PROPERTIES OF CA2+ DEPENDENT K+ CHANNELS OF HUMAN GINGIVAL FIBROBLASTS

Cells in the oral cavity are normally exposed to different temperatures. Ion transport systems are influenced by temperature in other tissues: In particular, changes in intracellular Ki ion can affect cell growth and synthesis of macromolecules. The purpose of this investigation was to identify K+ channels in human gingival fibroblast cells and analyze the effect of temperature on their K+ conduction properties. Ca2+-dependent K+ channels with a large conductance (125 pS in symmetrical K+-rich solutions) were identified in human gingival fibroblasts and studied by the patch-clamp technique. The open probability of the channels varied with membrane potential between +40 and -100 mV. When the bath temperature was decreased from 40 to 4 degrees C, channel conductance was reduced, but the mean open time of the channels was increased. The activation energies for the conductance and the reciprocal of the mean open time were estimated to be 9.1 and 22.9 kJ/mol, respectively.
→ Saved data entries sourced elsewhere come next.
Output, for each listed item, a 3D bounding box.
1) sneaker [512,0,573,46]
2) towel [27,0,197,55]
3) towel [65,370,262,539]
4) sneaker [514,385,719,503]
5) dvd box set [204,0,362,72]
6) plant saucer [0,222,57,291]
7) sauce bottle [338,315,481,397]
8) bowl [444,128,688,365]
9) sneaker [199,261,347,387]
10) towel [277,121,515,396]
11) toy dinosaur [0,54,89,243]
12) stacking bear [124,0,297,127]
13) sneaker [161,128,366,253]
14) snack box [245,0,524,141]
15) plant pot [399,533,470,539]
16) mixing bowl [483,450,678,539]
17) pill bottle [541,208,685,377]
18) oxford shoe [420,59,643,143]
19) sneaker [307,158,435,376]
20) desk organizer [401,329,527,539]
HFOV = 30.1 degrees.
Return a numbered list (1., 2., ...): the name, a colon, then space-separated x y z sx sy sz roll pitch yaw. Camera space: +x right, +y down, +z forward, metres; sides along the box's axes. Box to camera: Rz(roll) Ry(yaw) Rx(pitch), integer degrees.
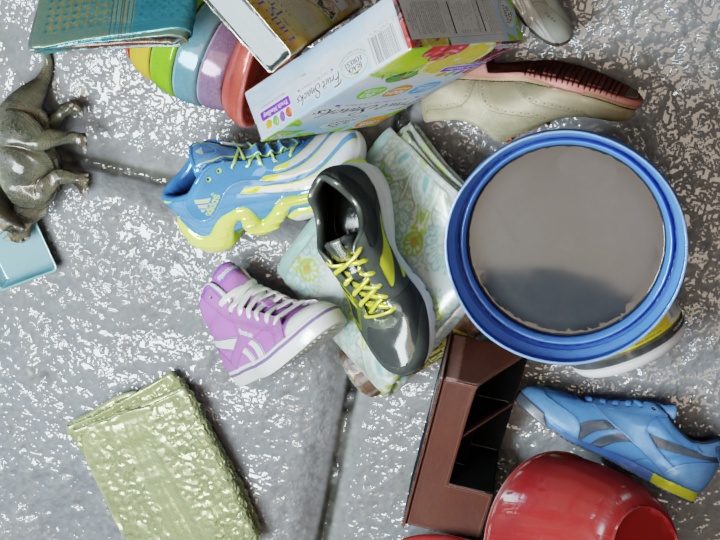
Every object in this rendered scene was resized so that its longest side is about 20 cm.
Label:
1. sneaker: 0.148 -0.292 1.153 0.092 0.076 0.200 -26 101 12
2. towel: -0.207 -0.277 1.181 0.147 0.022 0.200 -2 61 11
3. towel: -0.199 0.213 1.379 0.148 0.036 0.200 -24 100 15
4. sneaker: 0.247 0.144 1.270 0.200 0.066 0.078 26 96 2
5. dvd box set: -0.082 -0.252 1.136 0.029 0.200 0.146 -39 97 27
6. plant saucer: -0.369 -0.082 1.333 0.070 0.019 0.200 -19 103 15
7. sauce bottle: 0.074 0.048 1.267 0.200 0.065 0.065 -33 98 19
8. bowl: 0.172 -0.021 1.125 0.201 0.039 0.201 2 104 9
9. sneaker: -0.095 0.039 1.250 0.200 0.073 0.114 -27 92 55
10. towel: 0.032 -0.013 1.228 0.200 0.048 0.171 -50 62 19
11. toy dinosaur: -0.313 -0.114 1.275 0.102 0.077 0.200 -3 106 -15
12. stacking bear: -0.168 -0.220 1.214 0.200 0.121 0.114 26 113 11
13. sneaker: -0.096 -0.087 1.233 0.200 0.076 0.105 -30 138 18
14. snack box: 0.018 -0.172 1.129 0.200 0.142 0.053 -24 81 46
15. plant pot: 0.074 0.368 1.278 0.200 0.183 0.200 13 139 12
16. mixing bowl: 0.221 0.264 1.221 0.108 0.200 0.200 -12 107 50
17. pill bottle: 0.206 -0.013 1.201 0.112 0.112 0.200 -22 101 15
18. oxford shoe: 0.150 -0.150 1.199 0.200 0.070 0.075 12 111 17
19. sneaker: 0.000 0.000 1.166 0.074 0.085 0.200 -24 82 28
20. desk organizer: 0.098 0.160 1.262 0.077 0.072 0.200 13 127 3
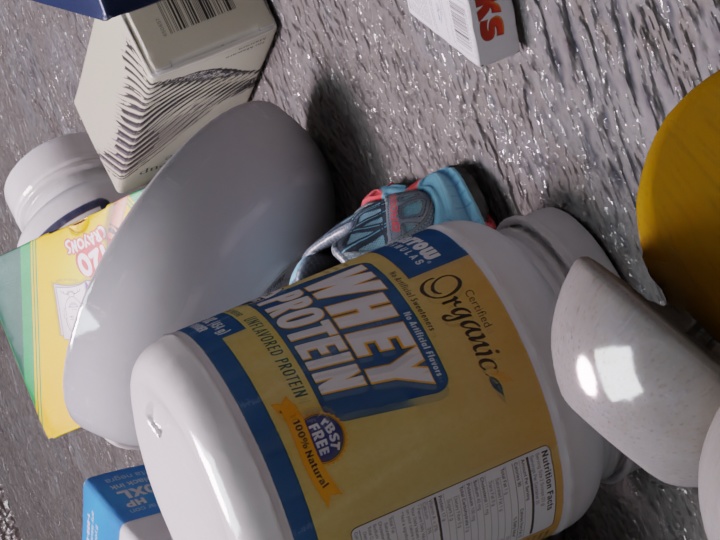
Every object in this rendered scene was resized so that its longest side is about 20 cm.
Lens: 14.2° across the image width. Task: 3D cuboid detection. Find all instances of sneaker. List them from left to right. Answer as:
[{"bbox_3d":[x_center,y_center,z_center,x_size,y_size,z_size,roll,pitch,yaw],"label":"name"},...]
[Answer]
[{"bbox_3d":[0.000,0.000,1.400,0.080,0.095,0.200,67,164,7],"label":"sneaker"}]

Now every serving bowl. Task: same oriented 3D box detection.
[{"bbox_3d":[-0.071,0.013,1.527,0.066,0.200,0.201,30,149,19],"label":"serving bowl"}]

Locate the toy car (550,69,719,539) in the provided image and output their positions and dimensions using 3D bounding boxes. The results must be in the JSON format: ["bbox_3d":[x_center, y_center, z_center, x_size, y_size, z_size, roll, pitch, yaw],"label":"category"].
[{"bbox_3d":[0.167,0.017,0.817,0.150,0.175,0.200,37,-174,-37],"label":"toy car"}]

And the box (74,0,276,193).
[{"bbox_3d":[-0.107,-0.116,1.634,0.069,0.082,0.200,64,165,11],"label":"box"}]

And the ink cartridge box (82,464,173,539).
[{"bbox_3d":[-0.056,0.196,1.338,0.200,0.084,0.146,41,134,52],"label":"ink cartridge box"}]

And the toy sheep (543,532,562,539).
[{"bbox_3d":[0.029,0.127,1.407,0.200,0.137,0.139,39,148,41],"label":"toy sheep"}]

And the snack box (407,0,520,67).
[{"bbox_3d":[0.027,-0.188,1.200,0.072,0.024,0.201,-134,27,-55],"label":"snack box"}]

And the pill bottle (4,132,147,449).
[{"bbox_3d":[-0.161,0.010,1.913,0.201,0.110,0.111,60,162,28],"label":"pill bottle"}]

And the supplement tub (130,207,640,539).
[{"bbox_3d":[0.015,0.065,1.243,0.145,0.199,0.145,57,160,33],"label":"supplement tub"}]

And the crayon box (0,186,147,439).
[{"bbox_3d":[-0.131,0.017,1.751,0.199,0.058,0.119,-22,89,41],"label":"crayon box"}]

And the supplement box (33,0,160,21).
[{"bbox_3d":[-0.112,-0.235,1.303,0.200,0.134,0.201,23,133,68],"label":"supplement box"}]
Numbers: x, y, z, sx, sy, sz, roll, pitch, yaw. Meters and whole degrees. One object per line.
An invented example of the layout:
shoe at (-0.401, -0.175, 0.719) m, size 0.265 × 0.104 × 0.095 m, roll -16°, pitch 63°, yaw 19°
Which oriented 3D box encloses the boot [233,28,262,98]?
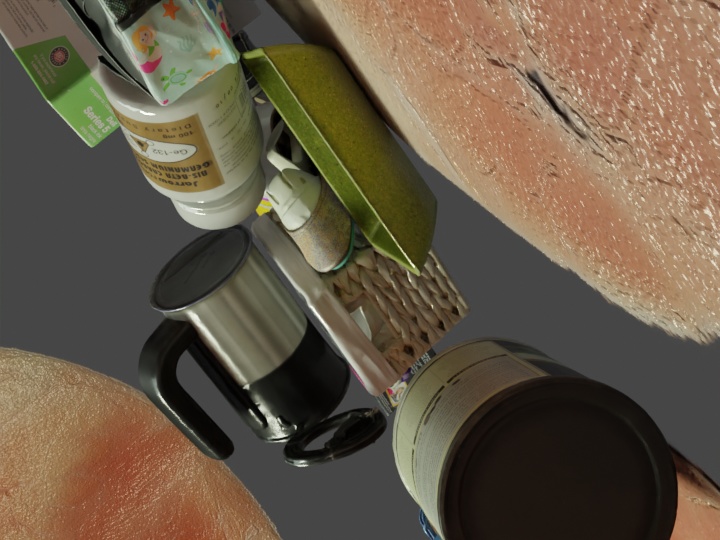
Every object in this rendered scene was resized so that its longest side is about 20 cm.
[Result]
boot at (-0.179, -0.267, 1.432) m, size 0.154 × 0.073 × 0.204 m, roll 50°, pitch -176°, yaw -42°

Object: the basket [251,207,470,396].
basket at (0.000, 0.000, 1.292) m, size 0.136 × 0.123 × 0.200 m, roll 55°, pitch 177°, yaw -29°

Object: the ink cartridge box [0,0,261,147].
ink cartridge box at (-0.211, -0.233, 1.227) m, size 0.146 × 0.200 × 0.084 m, roll 52°, pitch 179°, yaw 32°

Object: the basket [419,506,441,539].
basket at (0.142, 0.254, 1.460) m, size 0.139 × 0.176 × 0.200 m, roll 44°, pitch -177°, yaw 17°

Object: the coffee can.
coffee can at (0.106, 0.128, 0.905) m, size 0.147 × 0.146 × 0.200 m, roll 54°, pitch 177°, yaw -8°

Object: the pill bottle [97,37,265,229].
pill bottle at (-0.145, -0.125, 1.185) m, size 0.114 × 0.114 × 0.200 m, roll 52°, pitch 168°, yaw 30°

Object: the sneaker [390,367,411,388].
sneaker at (0.045, 0.075, 1.753) m, size 0.200 × 0.083 × 0.081 m, roll -101°, pitch 12°, yaw -59°

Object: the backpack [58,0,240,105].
backpack at (-0.164, -0.229, 1.007) m, size 0.178 × 0.150 × 0.200 m, roll 52°, pitch 170°, yaw 53°

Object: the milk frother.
milk frother at (-0.083, 0.079, 1.280) m, size 0.199 × 0.181 × 0.188 m, roll -10°, pitch 128°, yaw 38°

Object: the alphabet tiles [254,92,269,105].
alphabet tiles at (-0.188, -0.246, 1.542) m, size 0.200 × 0.006 × 0.167 m, roll 19°, pitch -150°, yaw -42°

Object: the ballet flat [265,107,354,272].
ballet flat at (-0.054, -0.079, 1.223) m, size 0.067 × 0.068 × 0.200 m, roll 27°, pitch -148°, yaw -31°

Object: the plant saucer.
plant saucer at (-0.011, -0.101, 1.064) m, size 0.200 × 0.048 × 0.200 m, roll 55°, pitch 177°, yaw -12°

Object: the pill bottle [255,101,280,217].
pill bottle at (-0.075, -0.101, 1.476) m, size 0.104 × 0.104 × 0.200 m, roll 53°, pitch 176°, yaw 17°

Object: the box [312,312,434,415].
box at (0.027, 0.106, 2.093) m, size 0.132 × 0.115 × 0.200 m, roll 56°, pitch 175°, yaw -23°

These values are lower than those reported for these and other types of channels in cells from other tissues. The open probability of the channels was nearly constant in the temperature range studied. These results suggest that the properties of Ca2+-dependent K+ channels of gingival fibroblasts remain relatively unchanged when the cells are exposed to a wide range of temperatures.